Previous research shows that adults with children have poorer sleep overall than adults without children. Poorer sleep is associated with experiencing more frequent and severe stressors. The daily link between sleep and stressors may differ by parenting status; yet this potential difference has not been addressed, especially in nurses who provide care both at work and home. This study examined whether the sleep–stress relationship is stronger for nurses with children than those without. During 14 days of ecological momentary assessment, 60 hospital nurses (24 parents) reported their previous night's sleep characteristics upon waking. Three times daily, they also reported whether they encountered any stressors and how severe those stressors were.

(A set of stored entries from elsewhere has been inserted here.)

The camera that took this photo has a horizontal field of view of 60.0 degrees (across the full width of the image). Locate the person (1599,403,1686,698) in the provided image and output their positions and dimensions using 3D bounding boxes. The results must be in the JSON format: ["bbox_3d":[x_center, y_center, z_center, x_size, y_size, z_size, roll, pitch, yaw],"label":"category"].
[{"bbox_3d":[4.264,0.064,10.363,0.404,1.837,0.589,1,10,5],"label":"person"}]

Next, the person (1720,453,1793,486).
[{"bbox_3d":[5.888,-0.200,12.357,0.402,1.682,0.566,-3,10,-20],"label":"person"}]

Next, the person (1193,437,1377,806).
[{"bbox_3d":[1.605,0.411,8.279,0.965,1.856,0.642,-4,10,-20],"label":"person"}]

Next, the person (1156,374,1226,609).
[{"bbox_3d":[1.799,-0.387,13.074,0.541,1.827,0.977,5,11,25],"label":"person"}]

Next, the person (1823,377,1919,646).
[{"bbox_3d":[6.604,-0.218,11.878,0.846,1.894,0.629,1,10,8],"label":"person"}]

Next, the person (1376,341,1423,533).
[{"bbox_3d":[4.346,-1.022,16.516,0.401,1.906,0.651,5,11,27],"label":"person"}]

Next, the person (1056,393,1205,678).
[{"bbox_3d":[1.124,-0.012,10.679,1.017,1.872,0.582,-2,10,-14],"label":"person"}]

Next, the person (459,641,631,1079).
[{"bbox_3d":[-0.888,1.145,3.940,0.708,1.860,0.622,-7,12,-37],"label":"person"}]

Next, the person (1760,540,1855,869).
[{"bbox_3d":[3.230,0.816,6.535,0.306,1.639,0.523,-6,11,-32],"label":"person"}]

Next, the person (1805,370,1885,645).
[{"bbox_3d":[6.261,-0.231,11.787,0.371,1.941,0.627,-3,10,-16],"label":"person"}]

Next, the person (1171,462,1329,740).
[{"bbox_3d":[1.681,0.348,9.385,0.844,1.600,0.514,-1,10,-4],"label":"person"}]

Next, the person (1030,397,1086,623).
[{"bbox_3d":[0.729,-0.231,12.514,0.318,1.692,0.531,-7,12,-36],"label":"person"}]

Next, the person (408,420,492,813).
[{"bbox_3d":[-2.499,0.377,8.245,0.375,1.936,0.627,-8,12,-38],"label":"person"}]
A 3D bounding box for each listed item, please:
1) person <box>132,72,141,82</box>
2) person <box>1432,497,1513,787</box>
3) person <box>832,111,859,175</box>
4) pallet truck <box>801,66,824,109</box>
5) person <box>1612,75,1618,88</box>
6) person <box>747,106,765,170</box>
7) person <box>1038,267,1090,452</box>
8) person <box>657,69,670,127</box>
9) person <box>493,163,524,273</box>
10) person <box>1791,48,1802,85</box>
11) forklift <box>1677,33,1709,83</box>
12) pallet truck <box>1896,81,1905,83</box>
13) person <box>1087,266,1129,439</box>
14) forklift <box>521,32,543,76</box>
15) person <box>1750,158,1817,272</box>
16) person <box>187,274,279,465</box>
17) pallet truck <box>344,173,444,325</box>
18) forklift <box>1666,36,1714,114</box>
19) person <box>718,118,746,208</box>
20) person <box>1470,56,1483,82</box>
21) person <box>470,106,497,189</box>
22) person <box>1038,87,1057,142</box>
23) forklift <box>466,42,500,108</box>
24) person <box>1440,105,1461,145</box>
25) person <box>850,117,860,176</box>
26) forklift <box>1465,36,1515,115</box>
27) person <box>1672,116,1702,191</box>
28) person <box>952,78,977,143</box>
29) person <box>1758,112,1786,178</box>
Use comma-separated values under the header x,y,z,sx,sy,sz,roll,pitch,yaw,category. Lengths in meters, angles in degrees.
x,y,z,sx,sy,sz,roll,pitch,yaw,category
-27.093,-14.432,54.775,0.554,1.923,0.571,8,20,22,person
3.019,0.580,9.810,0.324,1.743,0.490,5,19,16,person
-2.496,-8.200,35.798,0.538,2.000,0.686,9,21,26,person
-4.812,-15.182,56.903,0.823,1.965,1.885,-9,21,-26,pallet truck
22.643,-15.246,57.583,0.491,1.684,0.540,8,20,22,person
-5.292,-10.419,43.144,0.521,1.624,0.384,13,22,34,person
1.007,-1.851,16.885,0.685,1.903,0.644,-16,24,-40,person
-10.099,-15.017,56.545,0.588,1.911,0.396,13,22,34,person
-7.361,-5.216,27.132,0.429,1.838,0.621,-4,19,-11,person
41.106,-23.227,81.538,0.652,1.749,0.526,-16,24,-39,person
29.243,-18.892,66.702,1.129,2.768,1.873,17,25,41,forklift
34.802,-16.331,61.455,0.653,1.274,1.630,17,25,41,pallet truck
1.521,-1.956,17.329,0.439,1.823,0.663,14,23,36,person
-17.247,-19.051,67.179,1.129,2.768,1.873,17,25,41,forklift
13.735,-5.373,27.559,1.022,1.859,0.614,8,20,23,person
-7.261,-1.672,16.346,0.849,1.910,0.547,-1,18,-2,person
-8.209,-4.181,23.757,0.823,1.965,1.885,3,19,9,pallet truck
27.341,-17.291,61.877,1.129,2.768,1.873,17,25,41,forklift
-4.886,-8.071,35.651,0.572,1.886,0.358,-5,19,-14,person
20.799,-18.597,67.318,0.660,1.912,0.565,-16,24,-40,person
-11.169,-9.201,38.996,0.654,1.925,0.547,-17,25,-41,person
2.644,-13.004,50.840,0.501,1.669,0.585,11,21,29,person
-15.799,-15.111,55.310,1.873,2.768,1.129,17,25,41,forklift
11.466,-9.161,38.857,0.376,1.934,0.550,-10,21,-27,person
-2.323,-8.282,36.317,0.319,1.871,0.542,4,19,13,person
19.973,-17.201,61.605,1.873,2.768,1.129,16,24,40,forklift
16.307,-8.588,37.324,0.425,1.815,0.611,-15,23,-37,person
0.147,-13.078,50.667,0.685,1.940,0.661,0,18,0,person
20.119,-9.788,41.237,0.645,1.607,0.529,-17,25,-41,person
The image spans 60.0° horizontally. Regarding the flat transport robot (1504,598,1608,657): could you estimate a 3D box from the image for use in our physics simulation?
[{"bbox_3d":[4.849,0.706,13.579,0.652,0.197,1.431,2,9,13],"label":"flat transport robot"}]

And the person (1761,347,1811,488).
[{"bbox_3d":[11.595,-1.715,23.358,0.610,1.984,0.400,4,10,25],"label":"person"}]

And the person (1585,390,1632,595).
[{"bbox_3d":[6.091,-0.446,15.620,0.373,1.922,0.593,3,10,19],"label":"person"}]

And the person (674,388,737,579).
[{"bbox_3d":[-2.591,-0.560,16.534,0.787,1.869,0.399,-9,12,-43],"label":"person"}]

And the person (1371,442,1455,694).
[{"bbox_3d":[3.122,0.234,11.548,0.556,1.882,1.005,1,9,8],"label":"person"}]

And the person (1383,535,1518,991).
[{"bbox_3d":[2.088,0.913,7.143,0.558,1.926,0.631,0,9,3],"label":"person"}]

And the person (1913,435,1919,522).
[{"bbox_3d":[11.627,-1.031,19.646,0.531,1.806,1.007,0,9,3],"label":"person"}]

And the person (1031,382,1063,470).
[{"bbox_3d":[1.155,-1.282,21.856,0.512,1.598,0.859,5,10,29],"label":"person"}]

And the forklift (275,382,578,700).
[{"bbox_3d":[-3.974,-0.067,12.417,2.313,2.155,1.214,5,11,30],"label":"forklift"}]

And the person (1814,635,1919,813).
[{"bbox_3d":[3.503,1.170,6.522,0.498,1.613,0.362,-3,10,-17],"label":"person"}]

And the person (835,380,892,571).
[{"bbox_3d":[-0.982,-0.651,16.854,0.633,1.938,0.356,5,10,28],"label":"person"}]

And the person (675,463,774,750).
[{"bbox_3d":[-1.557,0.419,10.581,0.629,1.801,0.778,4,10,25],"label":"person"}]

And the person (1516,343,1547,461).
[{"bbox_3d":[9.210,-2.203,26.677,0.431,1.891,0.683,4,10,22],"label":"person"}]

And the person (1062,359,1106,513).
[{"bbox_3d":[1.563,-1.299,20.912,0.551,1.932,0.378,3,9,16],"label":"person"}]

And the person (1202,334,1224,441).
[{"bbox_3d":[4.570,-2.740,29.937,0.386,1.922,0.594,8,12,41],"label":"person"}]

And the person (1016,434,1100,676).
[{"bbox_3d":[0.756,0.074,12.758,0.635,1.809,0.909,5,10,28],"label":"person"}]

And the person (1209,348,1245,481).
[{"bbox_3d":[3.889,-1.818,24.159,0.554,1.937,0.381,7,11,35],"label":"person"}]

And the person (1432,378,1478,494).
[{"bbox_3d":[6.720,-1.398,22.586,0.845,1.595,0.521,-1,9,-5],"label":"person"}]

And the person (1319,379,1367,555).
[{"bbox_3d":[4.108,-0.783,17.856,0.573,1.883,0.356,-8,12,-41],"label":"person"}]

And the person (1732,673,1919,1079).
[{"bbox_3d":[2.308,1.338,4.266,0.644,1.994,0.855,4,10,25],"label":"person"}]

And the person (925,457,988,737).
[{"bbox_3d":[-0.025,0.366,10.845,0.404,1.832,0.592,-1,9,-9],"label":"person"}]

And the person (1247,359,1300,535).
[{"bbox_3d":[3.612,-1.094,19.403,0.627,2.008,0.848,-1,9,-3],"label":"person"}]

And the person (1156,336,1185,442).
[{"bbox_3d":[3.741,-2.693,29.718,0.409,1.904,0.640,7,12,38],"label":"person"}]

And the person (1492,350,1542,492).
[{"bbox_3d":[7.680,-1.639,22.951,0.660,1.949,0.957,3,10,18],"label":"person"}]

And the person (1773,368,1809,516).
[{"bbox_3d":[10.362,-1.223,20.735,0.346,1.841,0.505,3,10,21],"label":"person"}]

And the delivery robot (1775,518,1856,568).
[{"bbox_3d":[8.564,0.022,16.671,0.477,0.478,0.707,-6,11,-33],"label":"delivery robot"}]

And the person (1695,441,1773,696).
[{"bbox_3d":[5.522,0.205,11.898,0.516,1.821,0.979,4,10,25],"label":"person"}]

Associations were assessed at the within- and between-person levels with parenting status as a between-person moderator. After controlling for covariates, previous night's poorer sleep quality, lower sleep sufficiency, and shorter time in bed were associated with perceiving more frequent or severe stressors the following day. Some of these daily associations were moderated by parenting status, such that the sleep–stressor link was only significant for parents, with the magnitude of association being stronger for those with 2+ children relative to 1 child. These findings suggest that nurses with children are at greater risk for a stronger linkage between poorer sleep and greater stressor frequency and severity. A stronger sleep–stressor relationship could have compounding effects on health. Improving sleep in this group may be critical to reduce their stress and improve the quality of care across work and home.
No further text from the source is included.